Quaternary Structure: Multi-Subunit Assemblies

Quaternary structure refers to the assembly of multiple polypeptide chains into a functional complex. Hemoglobin is presented as a classic example: a tetramer composed of two alpha and two beta subunits. Differences between homo-oligomers and hetero-oligomers are discussed, along with how subunit organization underpins physiological function such as oxygen transport. The talk notes that mutations can disrupt quaternary assembly and thereby impair function, foreshadowing themes in genetic diseases and structure-function studies.

Collagen and Disease: The Mechanical Backbone of Bone

A major portion of the lecture examines collagen, a structural protein that informs the mechanical properties of bone, tendons, and cartilage. Collagen’s triple-helix, a type of polyproline helix, relies on a repetitive sequence and specific residue geometry to maintain fibrillar integrity. A striking example is provided: changing a single glycine in the collagen triple helix can destabilize the fibril, leading to brittle bone disease known as osteogenesis imperfecta. The movie-like visualization demonstrates how a glycine-to-alanine substitution can bulge and misalign the collagen fibrils, propagating structural weakness through the tissue.

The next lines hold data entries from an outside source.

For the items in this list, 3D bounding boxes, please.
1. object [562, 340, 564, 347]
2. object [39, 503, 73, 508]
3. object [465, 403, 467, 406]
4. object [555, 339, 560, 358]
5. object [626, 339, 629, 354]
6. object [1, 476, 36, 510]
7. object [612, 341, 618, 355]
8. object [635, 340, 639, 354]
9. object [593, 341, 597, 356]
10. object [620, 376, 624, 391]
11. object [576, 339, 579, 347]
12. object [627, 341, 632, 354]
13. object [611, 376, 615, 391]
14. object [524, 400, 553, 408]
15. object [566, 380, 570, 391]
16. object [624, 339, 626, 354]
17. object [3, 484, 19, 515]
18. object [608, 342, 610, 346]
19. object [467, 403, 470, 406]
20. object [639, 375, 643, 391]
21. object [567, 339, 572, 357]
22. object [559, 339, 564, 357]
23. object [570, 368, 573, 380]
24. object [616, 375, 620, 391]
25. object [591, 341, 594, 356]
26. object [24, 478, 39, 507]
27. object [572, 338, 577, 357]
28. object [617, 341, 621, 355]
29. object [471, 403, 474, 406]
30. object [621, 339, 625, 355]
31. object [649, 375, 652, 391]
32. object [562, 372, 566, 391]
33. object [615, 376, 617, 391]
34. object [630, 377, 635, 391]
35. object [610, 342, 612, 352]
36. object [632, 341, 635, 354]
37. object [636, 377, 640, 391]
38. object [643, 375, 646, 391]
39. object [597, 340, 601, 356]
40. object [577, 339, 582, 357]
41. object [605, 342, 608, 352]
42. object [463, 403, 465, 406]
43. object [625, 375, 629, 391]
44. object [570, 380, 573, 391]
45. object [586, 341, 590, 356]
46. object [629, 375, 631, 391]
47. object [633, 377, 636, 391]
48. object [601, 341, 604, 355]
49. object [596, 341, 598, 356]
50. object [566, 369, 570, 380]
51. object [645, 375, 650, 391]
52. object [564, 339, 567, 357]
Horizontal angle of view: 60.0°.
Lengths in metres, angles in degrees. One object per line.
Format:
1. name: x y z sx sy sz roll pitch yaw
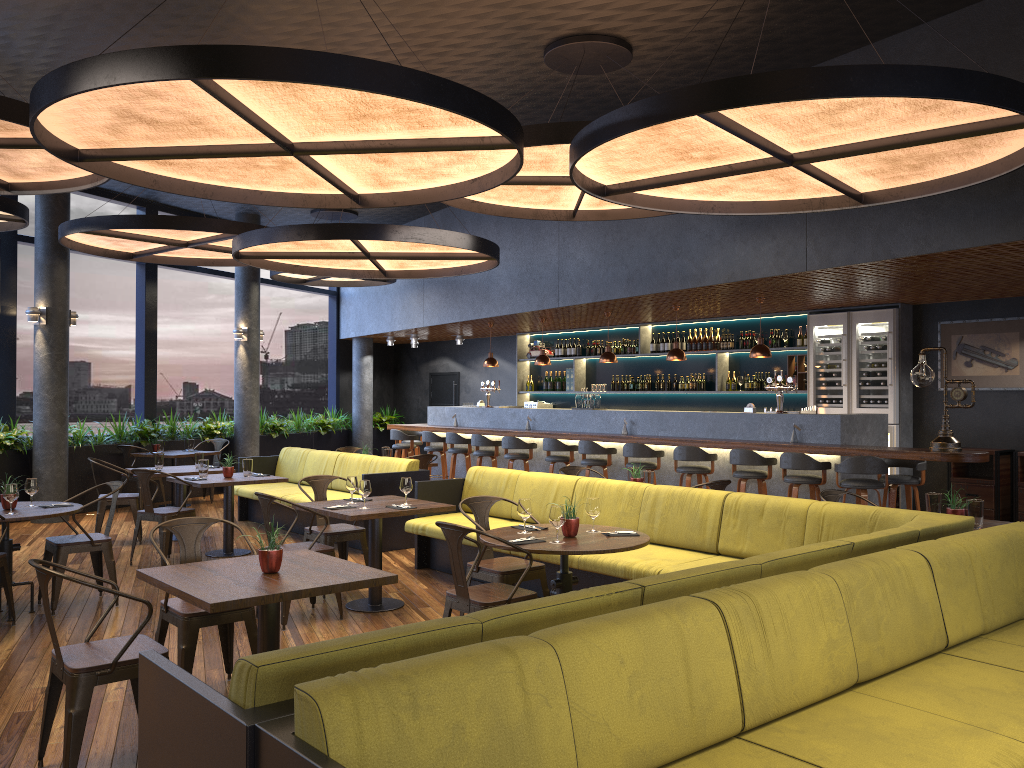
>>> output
1. object: 0.856 -0.606 15.228 0.085 0.310 0.086 0 -1 1
2. object: -3.405 0.901 6.582 0.255 0.019 0.157 1 -1 -42
3. object: -0.771 0.347 14.868 0.042 0.059 0.042 1 -1 -43
4. object: 0.784 -0.607 15.166 0.085 0.310 0.086 0 -1 -7
5. object: 1.839 -0.588 14.094 0.063 0.254 0.063 0 -1 -13
6. object: -3.626 0.769 6.408 0.260 0.271 0.238 0 -1 -1
7. object: 1.643 -0.573 14.181 0.088 0.224 0.088 -1 -1 44
8. object: 1.961 -0.577 13.805 0.088 0.224 0.088 0 -1 -26
9. object: 1.353 -0.584 14.530 0.063 0.254 0.063 0 -1 22
10. object: 1.767 -0.009 14.186 0.063 0.254 0.063 0 -1 7
11. object: 1.114 -0.609 14.924 0.085 0.310 0.086 0 -1 1
12. object: 1.845 -0.573 13.899 0.068 0.217 0.068 0 -1 35
13. object: 1.619 -0.009 14.209 0.063 0.254 0.063 0 -1 22
14. object: 0.394 0.569 15.455 0.550 0.569 0.355 1 -1 -40
15. object: 0.974 0.030 14.981 0.080 0.192 0.098 1 -1 -40
16. object: 1.803 -0.587 14.175 0.063 0.254 0.063 1 -1 -33
17. object: -3.488 0.802 6.176 0.097 0.206 0.097 1 -1 -34
18. object: 1.572 -0.567 14.405 0.068 0.217 0.068 1 -1 -35
19. object: -0.730 0.347 14.890 0.042 0.059 0.042 1 -1 -43
20. object: 2.007 -0.013 13.791 0.063 0.254 0.063 0 -1 -23
21. object: 0.976 -0.609 14.942 0.085 0.310 0.086 0 -1 -21
22. object: 0.842 -0.608 15.094 0.085 0.310 0.086 0 -1 -13
23. object: 1.039 -0.164 14.906 0.080 0.192 0.098 1 -1 -40
24. object: 1.684 -0.010 14.132 0.063 0.254 0.063 0 -1 37
25. object: 1.346 -0.583 14.660 0.063 0.254 0.063 0 -1 27
26. object: -3.577 0.807 6.605 0.097 0.206 0.097 0 -1 21
27. object: 1.042 -0.610 14.862 0.085 0.310 0.086 0 -1 -7
28. object: 1.729 -0.572 14.243 0.088 0.224 0.088 -1 -1 44
29. object: -0.664 0.349 14.965 0.042 0.059 0.042 1 -1 -43
30. object: 1.763 -0.589 14.046 0.063 0.254 0.063 0 -1 7
31. object: 2.138 -0.013 13.752 0.063 0.254 0.063 0 -1 22
32. object: 0.904 -0.043 15.209 0.094 0.340 0.094 0 -1 -18
33. object: 1.687 -0.008 14.280 0.063 0.254 0.063 0 -1 42
34. object: 1.889 0.003 13.923 0.088 0.224 0.088 0 -1 -26
35. object: 1.605 -0.568 14.325 0.068 0.217 0.068 0 -1 -20
36. object: 1.921 -0.572 13.954 0.068 0.217 0.068 1 -1 -35
37. object: 1.994 0.004 13.974 0.088 0.224 0.088 0 -1 24
38. object: 2.073 -0.012 13.838 0.063 0.254 0.063 0 -1 -8
39. object: 1.418 -0.585 14.423 0.063 0.254 0.063 0 -1 -23
40. object: 1.121 -0.593 14.776 0.083 0.301 0.083 1 -1 -33
41. object: 1.528 -0.569 14.272 0.068 0.217 0.068 0 -1 40
42. object: -0.807 0.347 14.838 0.042 0.059 0.042 1 -1 -43
43. object: 1.817 -0.010 14.065 0.063 0.254 0.063 0 -1 -13
44. object: 1.039 0.029 14.904 0.080 0.192 0.098 1 -1 -40
45. object: 1.256 -0.584 14.599 0.063 0.254 0.063 0 -1 32
46. object: 1.882 -0.009 14.125 0.063 0.254 0.063 0 -1 22
47. object: 1.913 0.005 14.034 0.088 0.224 0.088 0 -1 14
48. object: 1.480 -0.584 14.521 0.063 0.254 0.063 0 -1 -3
49. object: 1.408 -0.583 14.592 0.063 0.254 0.063 0 -1 22
50. object: 0.975 -0.163 14.984 0.080 0.192 0.098 1 -1 -40
51. object: 2.090 -0.014 13.682 0.063 0.254 0.063 0 -1 2
52. object: 0.917 -0.607 15.151 0.085 0.310 0.086 1 -1 -29
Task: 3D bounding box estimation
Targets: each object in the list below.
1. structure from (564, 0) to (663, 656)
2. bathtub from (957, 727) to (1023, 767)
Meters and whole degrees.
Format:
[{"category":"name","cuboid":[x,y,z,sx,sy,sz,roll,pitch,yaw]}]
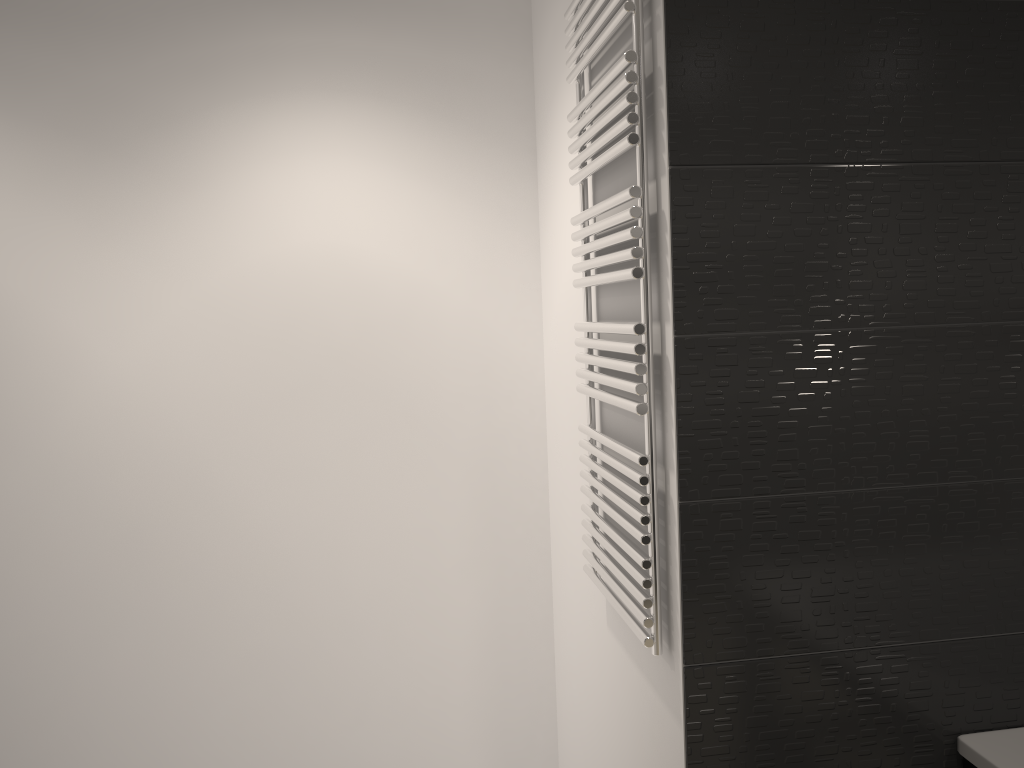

Visualization Tools: PDB and PyMOL

The instructor introduces practical tools for exploring protein structures. The Protein Data Bank (PDB) is presented as a repository for macromolecular structures, and PyMOL is highlighted as a versatile program to create structural models and movies. The speaker candidly shares the time investment required to learn these tools, encouraging students that with persistence they too can become proficient.

Protein Folding: A Computational Puzzle

Protein folding is framed as a thermodynamic optimization problem: the folded state represents a minimum in a high-dimensional energy landscape, achieved by maximizing favorable non covalent interactions. Molten globules are described as intermediate states on the path to the native structure, featuring early hydrophobic clustering that acts as a nucleus for the final fold. Ab initio simulations of small proteins are now capable of folding with increasing reliability, though larger proteins remain challenging due to combinatorial complexity and incomplete knowledge of all folding clues.

Hierarchical Perspective and Educational Takeaways

The talk reinforces a hierarchical view of protein structure: from primary sequence to secondary motifs, to tertiary folds, and finally to quaternary assemblies. It emphasizes that folding is driven by non covalent forces and that the information to fold is encoded within the primary sequence, a testament to the elegance and efficiency of biological design. A lighthearted aside about cartoons from popular media underscores common misconceptions, clarifying that genomes do not fold into proteins themselves but rather code for the sequences that do.

A Glimpse of Real-World Proteins

Closing and Assignments

In closing, the instructor highlights additional resources, including Protein Data Bank links and colorized slides, inviting students to explore more and come prepared for the next class, which will cover hemoglobin in greater depth and broaden discussions to membrane proteins and signaling networks.